METHODS::Since the discovery of dental pulp stem cells, a lot of teams have expressed an interest in dental pulp regeneration. Many approaches, experimental models and biological explorations have been developed, each including the use of stem cells and scaffolds with the final goal being clinical application in humans. In this review, the authors' objective was to compare the experimental models and strategies used for the development of biomaterials for tissue engineering of dental pulp with stem cells.

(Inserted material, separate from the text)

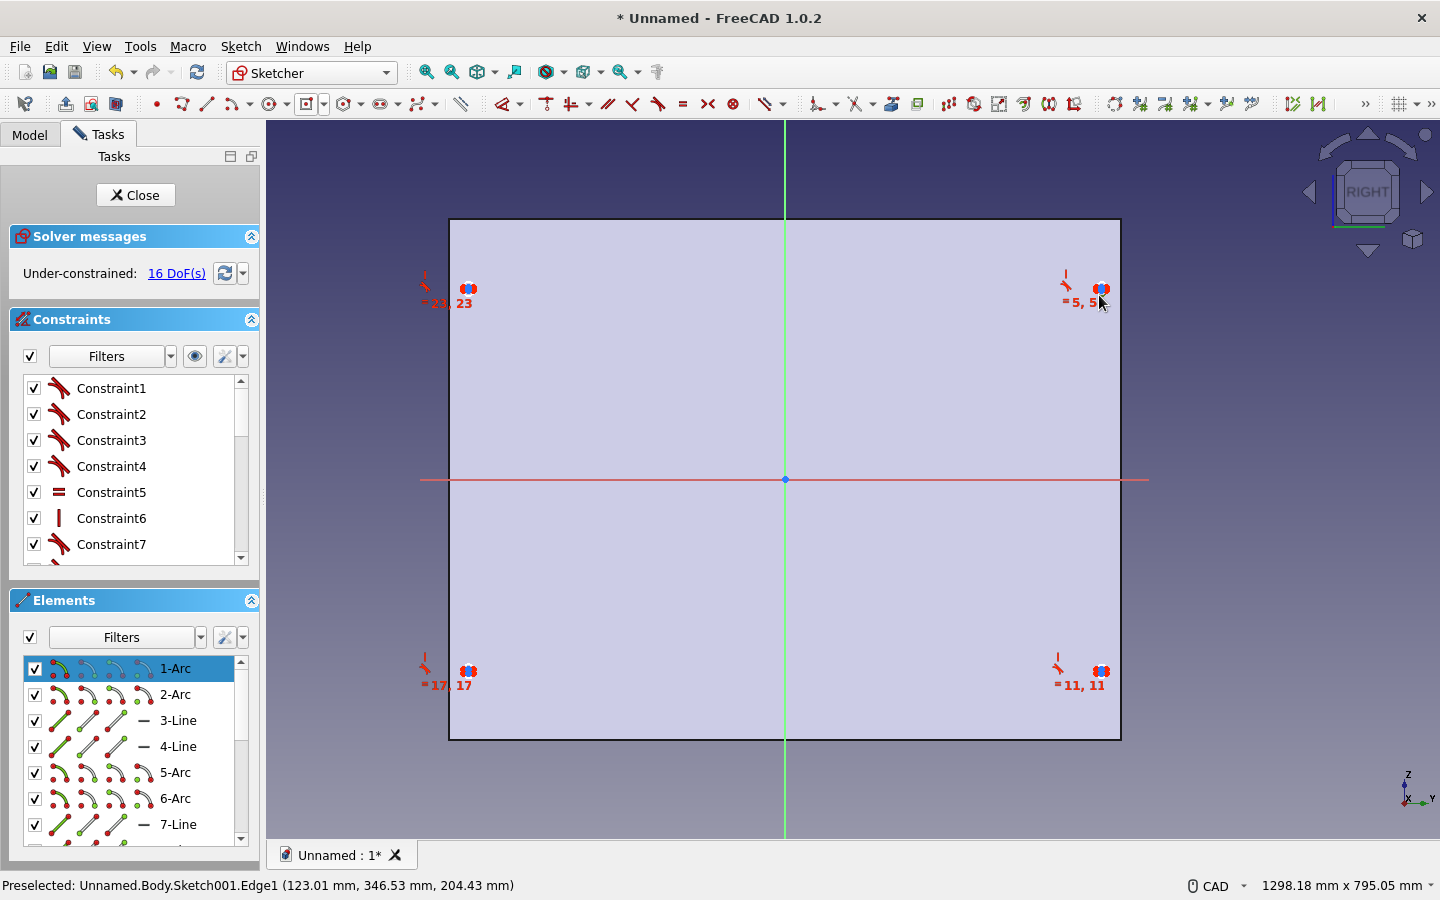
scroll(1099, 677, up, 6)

Electronic queries were conducted on PubMed using the following terms: pulp regeneration, scaffold, stem cells, tissue engineering and biomaterial. The extracted data included the following information: the strategy envisaged, the type of stem cells, the experimental models, the exploration or analysis methods, the cytotoxicity or viability or proliferation cellular tests, the tests of scaffold antibacterial properties and take into account the vascularization of the regenerated dental pulp. From the 71 selected articles, 59% focused on the "cell-transplantation" strategy, 82% used in vitro experimentation, 58% in vivo animal models and only one described an in vivo in situ human clinical study. 87% used dental pulp stem cells. A majority of the studies reported histology (75%) and immunohistochemistry explorations (66%). 73% mentioned the use of cytotoxicity, proliferation or viability tests. 48% took vascularization into account but only 6% studied the antibacterial properties of the scaffolds. This article gives an overview of the methods used to regenerate dental pulp from stem cells and should help researchers create the best development strategies for research in this field.